For Immediate Release:
October 17, 2011

Contact:
David Perle 202-483-7382

Washington -- In light of the Association of Zoos and Aquariums' (AZA) new mandate that all AZA-accredited institutions must switch to a method of elephant management that minimizes direct contact between humans and elephants as soon as possible and no later than September 2014, PETA is renewing its call for the U.S. Occupational Safety and Health Administration (OSHA) to prohibit all direct physical contact between employees and elephants—known as "free contact"—at circuses, exhibits, and any other businesses that still use elephants and replace it with the "protected contact" system, which places a barrier between employees and elephants.

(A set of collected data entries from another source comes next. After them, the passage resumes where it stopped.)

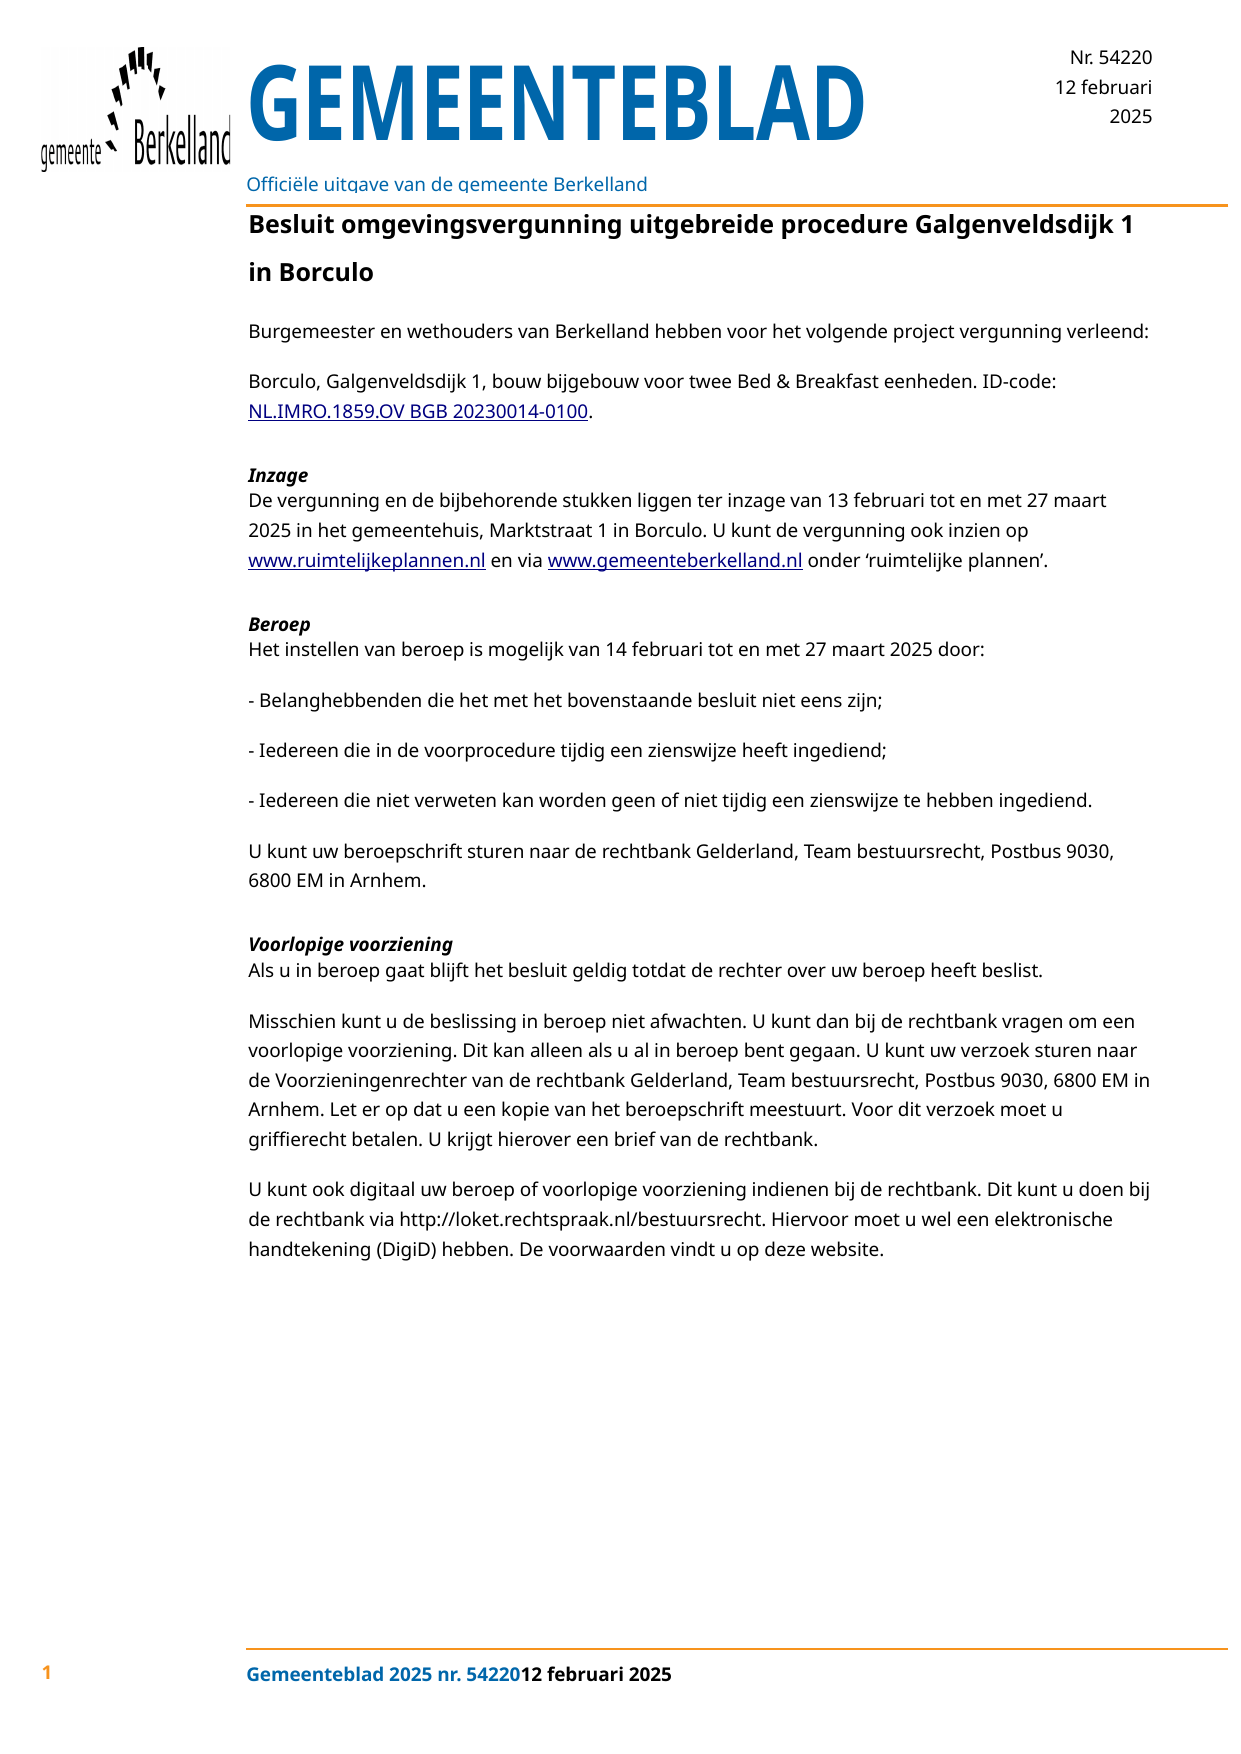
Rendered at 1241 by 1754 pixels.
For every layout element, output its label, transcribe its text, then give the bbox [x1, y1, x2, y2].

text - Iedereen die niet verweten kan worden geen of niet tijdig een zienswijze te hebben ingediend. [248, 788, 1152, 813]
text Besluit omgevingsvergunning uitgebreide procedure Galgenveldsdijk 1 in Borculo [248, 207, 1152, 288]
text - Belanghebbenden die het met het bovenstaande besluit niet eens zijn; [248, 687, 1152, 713]
text Het instellen van beroep is mogelijk van 14 februari tot en met 27 maart 2025 door: [248, 636, 1152, 662]
text Borculo, Galgenveldsdijk 1, bouw bijgebouw voor twee Bed & Breakfast eenheden. ID-code: NL.IMRO.1859.OV BGB 20230014-0100. [248, 368, 1152, 424]
text U kunt uw beroepschrift sturen naar de rechtbank Gelderland, Team bestuursrecht, Postbus 9030, 6800 EM in Arnhem. [248, 838, 1152, 893]
text Beroep [248, 611, 1152, 636]
text De vergunning en de bijbehorende stukken liggen ter inzage van 13 februari tot en met 27 maart 2025 in het gemeentehuis, Marktstraat 1 in Borculo. U kunt de vergunning ook inzien op www.ruimtelijkeplannen.nl en via www.gemeenteberkelland.nl onder ‘ruimtelijke plannen’. [248, 488, 1152, 572]
text Burgemeester en wethouders van Berkelland hebben voor het volgende project vergunning verleend: [248, 318, 1152, 344]
text Inzage [248, 462, 1152, 488]
text Misschien kunt u de beslissing in beroep niet afwachten. U kunt dan bij de rechtbank vragen om een voorlopige voorziening. Dit kan alleen als u al in beroep bent gegaan. U kunt uw verzoek sturen naar de Voorzieningenrechter van de rechtbank Gelderland, Team bestuursrecht, Postbus 9030, 6800 EM in Arnhem. Let er op dat u een kopie van het beroepschrift meestuurt. Voor dit verzoek moet u griffierecht betalen. U krijgt hierover een brief van de rechtbank. [248, 1008, 1152, 1152]
text - Iedereen die in de voorprocedure tijdig een zienswijze heeft ingediend; [248, 737, 1152, 763]
picture [41, 47, 231, 172]
text Als u in beroep gaat blijft het besluit geldig totdat de rechter over uw beroep heeft beslist. [248, 957, 1152, 983]
text U kunt ook digitaal uw beroep of voorlopige voorziening indienen bij de rechtbank. Dit kunt u doen bij de rechtbank via http://loket.rechtspraak.nl/bestuursrecht. Hiervoor moet u wel een elektronische handtekening (DigiD) hebben. De voorwaarden vindt u op deze website. [248, 1177, 1152, 1261]
text Voorlopige voorziening [248, 932, 1152, 957]

In a letter sent today to OSHA Assistant Secretary of Labor David Michaels, PETA notes that because OSHA's purpose is to prevent the occurrence of workplace accidents, it has a duty to follow the AZA's example, as the new AZA policy was developed precisely to "maximize the safety of elephant care staff."

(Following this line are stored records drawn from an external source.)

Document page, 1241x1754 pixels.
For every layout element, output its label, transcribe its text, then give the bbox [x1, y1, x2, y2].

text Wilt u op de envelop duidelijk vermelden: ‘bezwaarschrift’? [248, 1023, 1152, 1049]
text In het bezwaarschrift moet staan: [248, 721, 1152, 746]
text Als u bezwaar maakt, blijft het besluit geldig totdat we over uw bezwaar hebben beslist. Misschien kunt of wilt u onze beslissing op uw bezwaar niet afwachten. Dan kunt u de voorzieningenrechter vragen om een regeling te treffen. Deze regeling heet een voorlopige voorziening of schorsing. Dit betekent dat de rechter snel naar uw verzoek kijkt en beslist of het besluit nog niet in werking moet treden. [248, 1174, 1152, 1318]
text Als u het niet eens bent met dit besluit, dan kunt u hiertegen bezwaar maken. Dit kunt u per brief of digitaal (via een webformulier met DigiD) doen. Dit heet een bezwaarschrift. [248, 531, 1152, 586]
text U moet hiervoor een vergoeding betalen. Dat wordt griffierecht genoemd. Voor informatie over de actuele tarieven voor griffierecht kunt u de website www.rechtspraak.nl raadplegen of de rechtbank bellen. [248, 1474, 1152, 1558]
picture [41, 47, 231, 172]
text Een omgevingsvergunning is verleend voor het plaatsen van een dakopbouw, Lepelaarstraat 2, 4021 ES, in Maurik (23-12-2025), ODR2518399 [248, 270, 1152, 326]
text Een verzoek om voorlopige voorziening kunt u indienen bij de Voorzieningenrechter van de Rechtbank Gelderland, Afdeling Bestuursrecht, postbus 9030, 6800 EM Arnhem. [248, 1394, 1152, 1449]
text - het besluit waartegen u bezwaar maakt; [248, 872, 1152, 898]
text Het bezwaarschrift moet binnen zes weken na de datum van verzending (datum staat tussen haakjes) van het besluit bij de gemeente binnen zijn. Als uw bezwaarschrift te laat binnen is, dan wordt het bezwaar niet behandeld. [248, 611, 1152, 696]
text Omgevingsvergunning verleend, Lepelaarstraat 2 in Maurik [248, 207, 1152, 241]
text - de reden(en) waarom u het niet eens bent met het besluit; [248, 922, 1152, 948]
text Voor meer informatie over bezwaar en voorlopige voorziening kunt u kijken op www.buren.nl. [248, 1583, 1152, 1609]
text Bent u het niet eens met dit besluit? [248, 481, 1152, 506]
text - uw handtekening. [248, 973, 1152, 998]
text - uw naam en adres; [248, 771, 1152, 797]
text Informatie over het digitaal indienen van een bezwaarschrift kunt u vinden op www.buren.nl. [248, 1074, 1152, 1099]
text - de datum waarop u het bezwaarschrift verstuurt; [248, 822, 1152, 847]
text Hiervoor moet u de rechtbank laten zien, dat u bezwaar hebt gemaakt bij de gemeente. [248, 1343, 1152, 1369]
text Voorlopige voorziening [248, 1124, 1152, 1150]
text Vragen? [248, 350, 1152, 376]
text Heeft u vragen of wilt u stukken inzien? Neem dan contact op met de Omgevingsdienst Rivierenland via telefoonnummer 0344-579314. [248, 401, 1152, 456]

"Elephants and workers at AZA-accredited institutions will now be protected from violence and injury, but numerous zoos, circuses, and fairs that aren't accredited are still putting elephants and workers in danger," says PETA counsel and Director of Captive Animal Law Enforcement Delcianna Winders. "OSHA has a responsibility to step in and make sure that no worker is injured or killed by a frustrated, abused elephant."

Just last year, OSHA acknowledged that "[d]irect or free contact with dangerous animals … is a recognized hazard that is likely to cause death or serious physical harm to employees and others." Over the past 20 years, human interactions with captive elephants in the U.S. have resulted in 15 human deaths and more than 135 reported injuries—many of these deaths and injuries resulted from interactions in which a keeper beat an elephant who then retaliated. No deaths and only one injury (the result of disregarded protocol) have occurred at facilities that use protected contact.